### Work request
Everything from the line containing "For example (dummy" through the last line of the data below must be copied exactly, with no other lines included.

### Information
╔══

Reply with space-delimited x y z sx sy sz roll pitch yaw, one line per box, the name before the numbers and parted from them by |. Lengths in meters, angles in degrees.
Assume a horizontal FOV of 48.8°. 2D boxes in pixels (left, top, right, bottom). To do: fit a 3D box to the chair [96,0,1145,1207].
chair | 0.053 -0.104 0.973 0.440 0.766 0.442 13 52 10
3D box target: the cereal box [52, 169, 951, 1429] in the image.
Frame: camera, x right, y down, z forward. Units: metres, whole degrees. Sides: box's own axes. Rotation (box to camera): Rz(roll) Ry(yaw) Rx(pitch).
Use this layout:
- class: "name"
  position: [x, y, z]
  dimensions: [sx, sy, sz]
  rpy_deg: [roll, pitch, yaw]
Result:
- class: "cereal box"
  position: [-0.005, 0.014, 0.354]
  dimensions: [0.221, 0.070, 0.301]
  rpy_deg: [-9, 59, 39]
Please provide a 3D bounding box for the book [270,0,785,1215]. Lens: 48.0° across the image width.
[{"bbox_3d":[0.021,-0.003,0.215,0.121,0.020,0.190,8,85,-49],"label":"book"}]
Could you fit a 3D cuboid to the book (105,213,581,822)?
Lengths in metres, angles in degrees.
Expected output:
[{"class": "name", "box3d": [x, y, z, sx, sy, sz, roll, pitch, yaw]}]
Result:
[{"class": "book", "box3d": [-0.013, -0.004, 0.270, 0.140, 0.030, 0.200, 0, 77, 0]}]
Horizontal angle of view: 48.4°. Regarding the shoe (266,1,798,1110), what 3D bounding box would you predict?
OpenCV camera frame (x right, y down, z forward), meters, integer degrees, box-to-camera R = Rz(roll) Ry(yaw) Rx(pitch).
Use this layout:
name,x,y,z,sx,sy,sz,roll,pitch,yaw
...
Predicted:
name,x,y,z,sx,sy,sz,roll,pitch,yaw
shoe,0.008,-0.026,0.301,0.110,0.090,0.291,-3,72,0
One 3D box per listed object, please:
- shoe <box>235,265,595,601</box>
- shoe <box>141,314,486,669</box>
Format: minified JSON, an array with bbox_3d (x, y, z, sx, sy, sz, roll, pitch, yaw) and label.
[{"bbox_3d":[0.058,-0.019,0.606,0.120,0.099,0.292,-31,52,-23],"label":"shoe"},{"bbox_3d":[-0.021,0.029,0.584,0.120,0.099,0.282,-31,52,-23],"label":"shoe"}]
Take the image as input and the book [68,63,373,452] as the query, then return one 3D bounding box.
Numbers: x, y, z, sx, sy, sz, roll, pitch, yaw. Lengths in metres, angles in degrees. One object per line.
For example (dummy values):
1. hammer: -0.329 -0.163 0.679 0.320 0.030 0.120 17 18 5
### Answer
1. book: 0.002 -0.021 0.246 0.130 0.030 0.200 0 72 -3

╚══

### Finished exercise
For example (dummy values):
1. hammer: -0.329 -0.163 0.679 0.320 0.030 0.120 17 18 5
### Answer
1. book: 0.002 -0.021 0.246 0.130 0.030 0.200 0 72 -3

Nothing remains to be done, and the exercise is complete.